# Hops held in customs



## Lionman (19/10/18)

Hi guys.

I ordered 4lb of hops from Yakima on the 26/9/18.

After realising they hadn't' arrived in ages I tracked the shipping and discovered they have been with customs since the 3/10/18.

I haven't received any communication from customs.

What do I do? I can't find any way to contact them to enquire about what they are holding the package for.

Is it because they want me to pay GST? Or are they lab testing them to make sure they aren't marijuana?

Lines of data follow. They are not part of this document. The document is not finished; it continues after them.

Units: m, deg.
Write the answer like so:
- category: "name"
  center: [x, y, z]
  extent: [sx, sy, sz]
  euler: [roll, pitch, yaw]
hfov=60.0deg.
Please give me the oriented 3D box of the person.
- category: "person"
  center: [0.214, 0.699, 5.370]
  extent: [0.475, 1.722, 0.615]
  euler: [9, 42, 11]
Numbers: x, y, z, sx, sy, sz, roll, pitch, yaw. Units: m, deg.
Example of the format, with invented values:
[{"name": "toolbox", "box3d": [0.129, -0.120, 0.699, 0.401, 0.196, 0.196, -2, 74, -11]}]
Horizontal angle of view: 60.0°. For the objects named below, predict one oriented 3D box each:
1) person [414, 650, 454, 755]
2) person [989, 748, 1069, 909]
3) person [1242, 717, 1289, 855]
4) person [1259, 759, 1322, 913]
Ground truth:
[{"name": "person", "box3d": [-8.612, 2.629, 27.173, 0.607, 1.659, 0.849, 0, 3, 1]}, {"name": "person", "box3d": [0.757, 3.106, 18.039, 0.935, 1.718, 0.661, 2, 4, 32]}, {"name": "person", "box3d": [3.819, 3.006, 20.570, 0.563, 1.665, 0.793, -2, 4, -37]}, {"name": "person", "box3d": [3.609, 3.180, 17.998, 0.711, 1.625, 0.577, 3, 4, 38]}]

If they have opened the packets and they have gone stale I will be most upset....


----------



## Burt de Ernie (19/10/18)

They probably think its dope!


----------



## pnorkle (19/10/18)

Hi @Lionman - which Customs are they at - did they come straight to Perth? I've found in the past that they can be quite slow - if you need to pay GST, it normally takes a week or so for them to figure their shit out, and then close to a week for the letter to get to you telling you that you gotta pay da man. I only know this because I order a lot of cigars from OS, and yes, they can vary in time taken to arrive.


----------



## wide eyed and legless (19/10/18)

If its clearly written on the consignment note what it is there shouldn't be a problem, but then again it is WA they can be a bit weird about vegetative stuff coming in.


----------



## Lionman (19/10/18)

pnorkle said:


> Hi @Lionman - which Customs are they at - did they come straight to Perth? I've found in the past that they can be quite slow - if you need to pay GST, it normally takes a week or so for them to figure their shit out, and then close to a week for the letter to get to you telling you that you gotta pay da man. I only know this because I order a lot of cigars from OS, and yes, they can vary in time taken to arrive.



They are in Melbourne.

Pretty sure they only chase for GST on packages worth over $1K. Under $1K they rely on the seller being registered for GST so I think its only bigger well known international retailers that have been made to register and pay.

I could be wrong though.

Cigars would be different as you probably have to pay excise on those, different tax.

Some numpty probably thought it was weed.


----------



## Lionman (19/10/18)

I have order from them before without issue but I guess that doesn't really mean much, its a lottery when ever you import anything.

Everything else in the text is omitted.